What the math actually looks like
Take a small inference cluster: four p4d.24xlarge (8x A100 each), 24/7 on-demand. That's $32.77 × 4 × 730 = ~$95,700 a month, before egress.
Add MIG partitioning to give seven slices per card. Run KAI gang scheduling. Autoscale on queue depth. You typically pack three to four times more workloads into the same hardware. Drop the always-on count to two p4ds with Karpenter scaling up to four on Spot during peaks. Final bill: $28,000–$35,000 a month. The deltas published in production case studies hit 50–70% spend reductions reliably.
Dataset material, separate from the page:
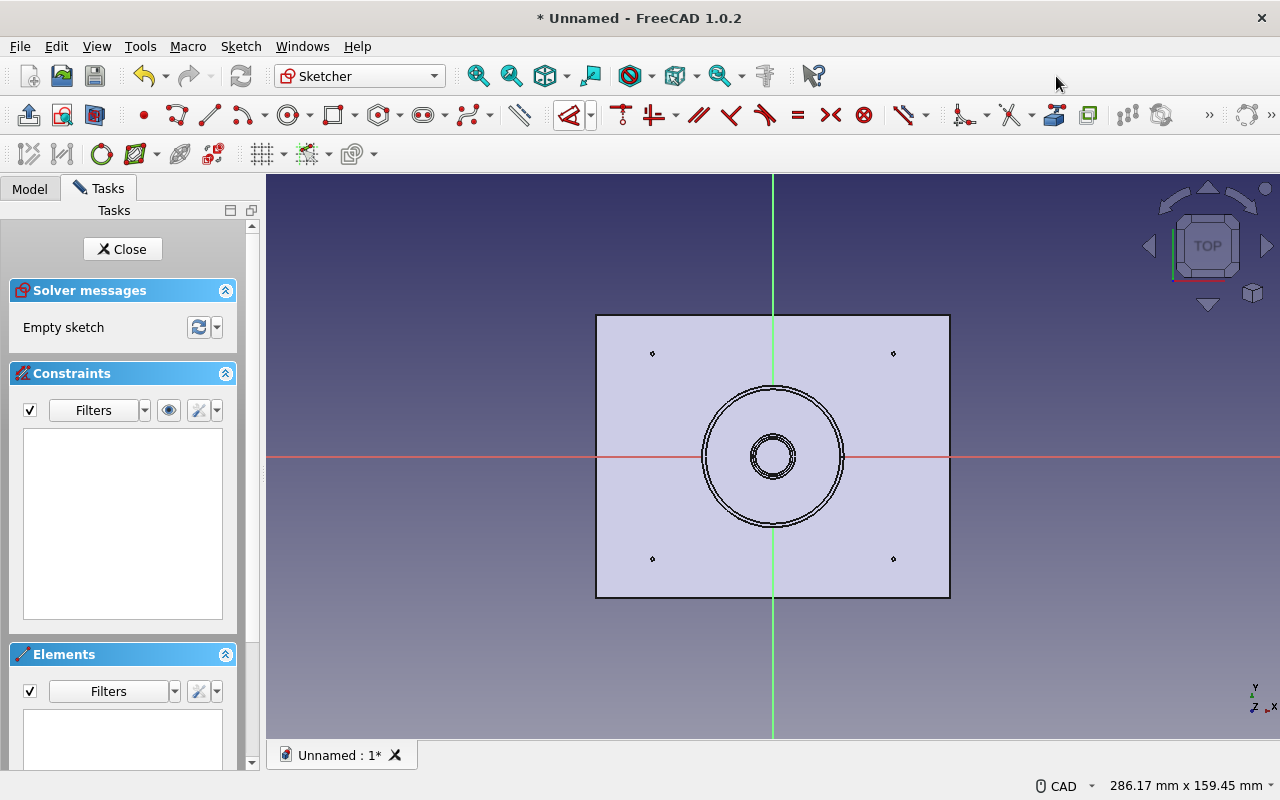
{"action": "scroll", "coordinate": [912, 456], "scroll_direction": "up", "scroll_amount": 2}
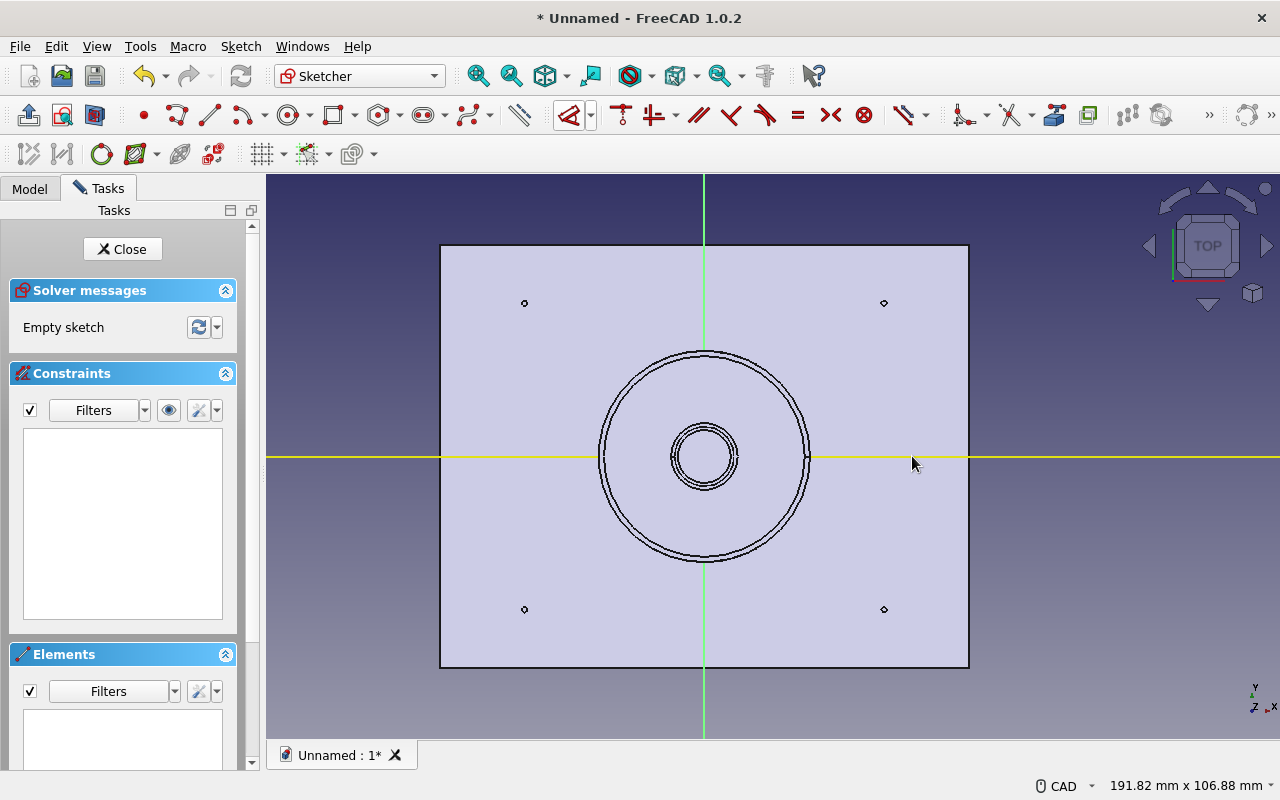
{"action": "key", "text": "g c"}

vLLM is the other lever. Its v0.8.0+ engine with FlashAttention 3 throws 4,741 tok/s through 2x H100 on GPT-OSS-120B at 100 concurrent requests. Continuous batching plus PagedAttention is roughly 24x the throughput of naive HuggingFace serving. If you're not running vLLM (or its newer sibling SGLang) on Kubernetes in 2026, you're paying for headroom you can't use.
What I'd build today
Start with EKS 1.34+ (or GKE Standard with DRA enabled). Install the NVIDIA GPU Operator v25.3.2 — it handles drivers, DCGM exporter, MIG configuration, and the DRA driver as one Helm release. Run Kueue at the cluster level for quotas. Put KAI underneath for AI workloads and keep kube-scheduler for everything else. Use Karpenter with a GPU NodePool that prefers Spot. Scale inference pods with KEDA on queue depth, never on GPU percent.
Two pieces of cluster hygiene matter more than the scheduler choice.
First: pod-level GPU resource requests must reflect real VRAM, not whole cards. DRA makes this possible. Your platform team enforces it.
Second: every GPU pod gets a Prometheus DCGM target and an SLO. If you can't see queue depth and P99 latency on one dashboard, you can't autoscale on the right signal.
Optimize the boring decisions. The exotic ones don't matter.